Então o FIQ acabou? Ou só não vai rolar este ano e em 2019 estará de volta? O FIQ é um evento incrível, mas não é a única resposta pro mercado nacional. Não estou falando de outros eventos do tipo e nem de eventos como a CCXP, mas sim do fato de que com ou sem FIQ não tem hoje no país uma base na qual construir um evento sobre quadrinhos. Seja o FIQ seja outro (Velho ou novo), não dá pra basear a produção de quadrinho num evento. Não é assim que funciona: Não se constrói telhado antes do piso. Tem que ter público interessado e tem que ter produção, depois vem o evento. Dizer que sem o FIQ o quadrinho nacional vai morrer só comprova que ele já está morto.
Update
Ora vejam só:
BH sem FIQ!? Nem em universo paralelo! #ficafiq #OFiqFica ??? pic.twitter.com/5SDdWrap9m
— Prefeitura de BH (@prefeiturabh) 12 de abril de 2017
A prefeitura de BH mandou essa aí, e pelo Facebook disse que o FIQ e os outros eventos que também não tinham sido confirmados vão acontecer sim. Não conheço os outros dois eventos, mas o FIQ é foda e, claro, a galera tá feliz da vida agora.
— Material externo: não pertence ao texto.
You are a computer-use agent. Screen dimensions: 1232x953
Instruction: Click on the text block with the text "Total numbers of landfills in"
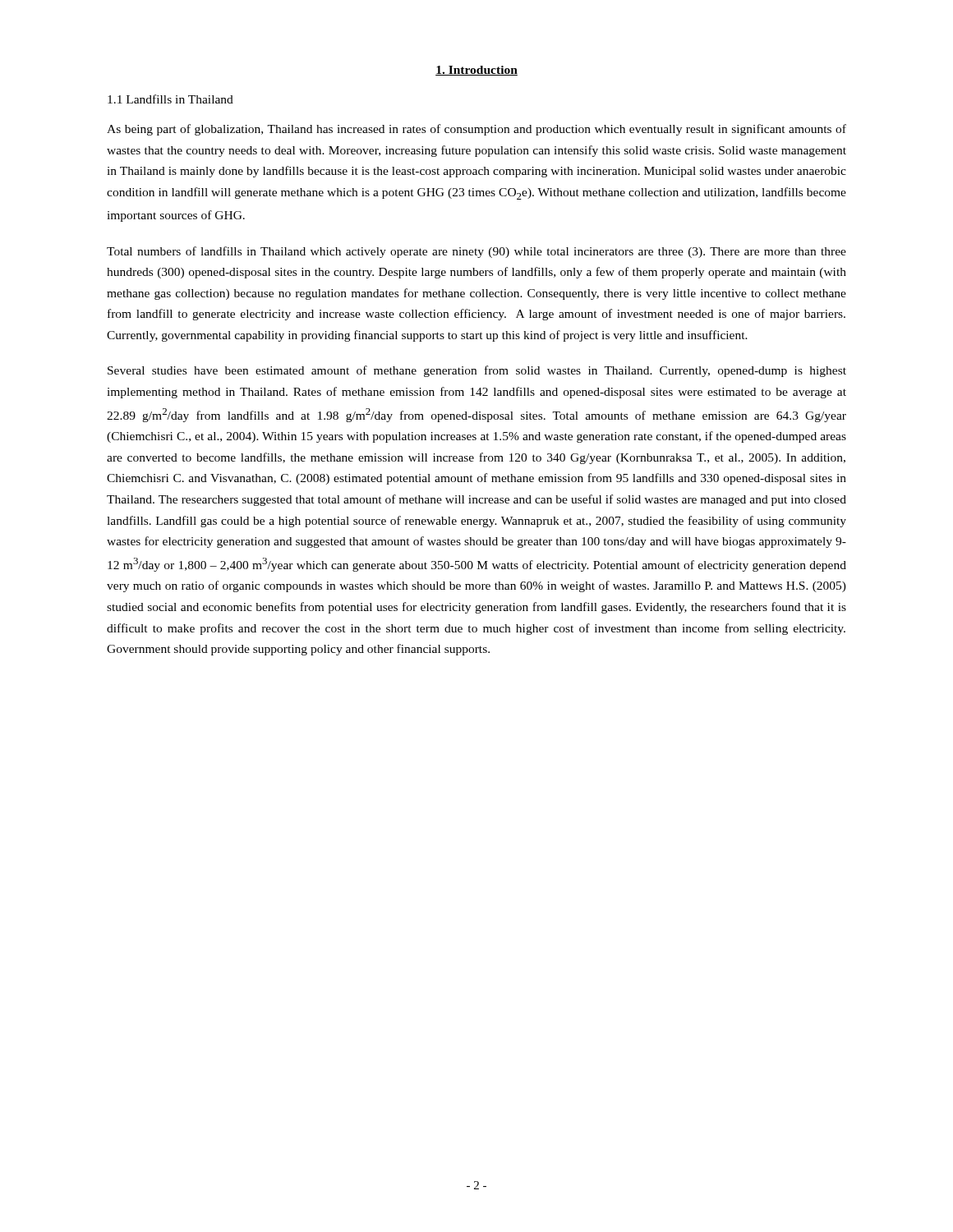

Maaaaaaaaaaaaaaaas como diz o post no Facebook, “todo o orçamento da Fundação Municipal de Cultura está sendo revisto para que seja executado, de forma eficiente, toda a programação cultural da cidade”. O que exatamente isso significa? Porque olha só a novidade pra vocês: Dinheiro não cresce em árvore. Ou o dinheiro pra programação cultural já existia e foi deliberadamente cortado, ou o dinheiro para realizar os eventos vai ser tirado de algum outro lugar é lógico que do cu, podia ser mais daonde. Não vou ser dramático dizendo que “vão reduzir cama em hospital pra fazer encontro de gibi”, mas ou o dinheiro sai de algum outro lugar (No caso de a prefeitura realmente não ter verba) ou volta pra programação cultural após ter sido tirada dela pra início de conversa, e seja como for, isso denota que dinheiro a prefeitura tem, só que programação cultural não é prioridade nenhuma.
E tem mais: Tudo que o público do FIQ tem é um post do Facebook e um tweet. Não sei se vocês chegaram à esse mundo há tão pouco tempo assim, mas o fato é que nenhum dos dois é garantia de porra nenhuma: Eu só acredito vendo o FIQ (E os outros eventos) acontecendo. E se acontecerem mesmo podem esperar eventos reduzidos, porque afinal de contas não se acham NOVECENTOS MIL REAIS (Só pro FIQ, além dos outros dois) em uma semana. Ou alguém aqui acredita que deu os cinco minutos num político qualquer lá e ele mandou um
MEU DEUS, TENHO QUE DESVIAR MENOS DINHEIRO ESSA ANO PRA TER CONVENÇÃO DE GIBI
O FIQ vai mesmo acontecer? Tenho que esperar pra ver, porque “notícia” com emoji em rede social não vale absolutamente nada. E minha conclusão original do texto permanece a mesma: O FIQ é um evento legal sim, mas nego o trata como a base da criação de quadrinho no Brasil, e isso inevitavelmente dá errado.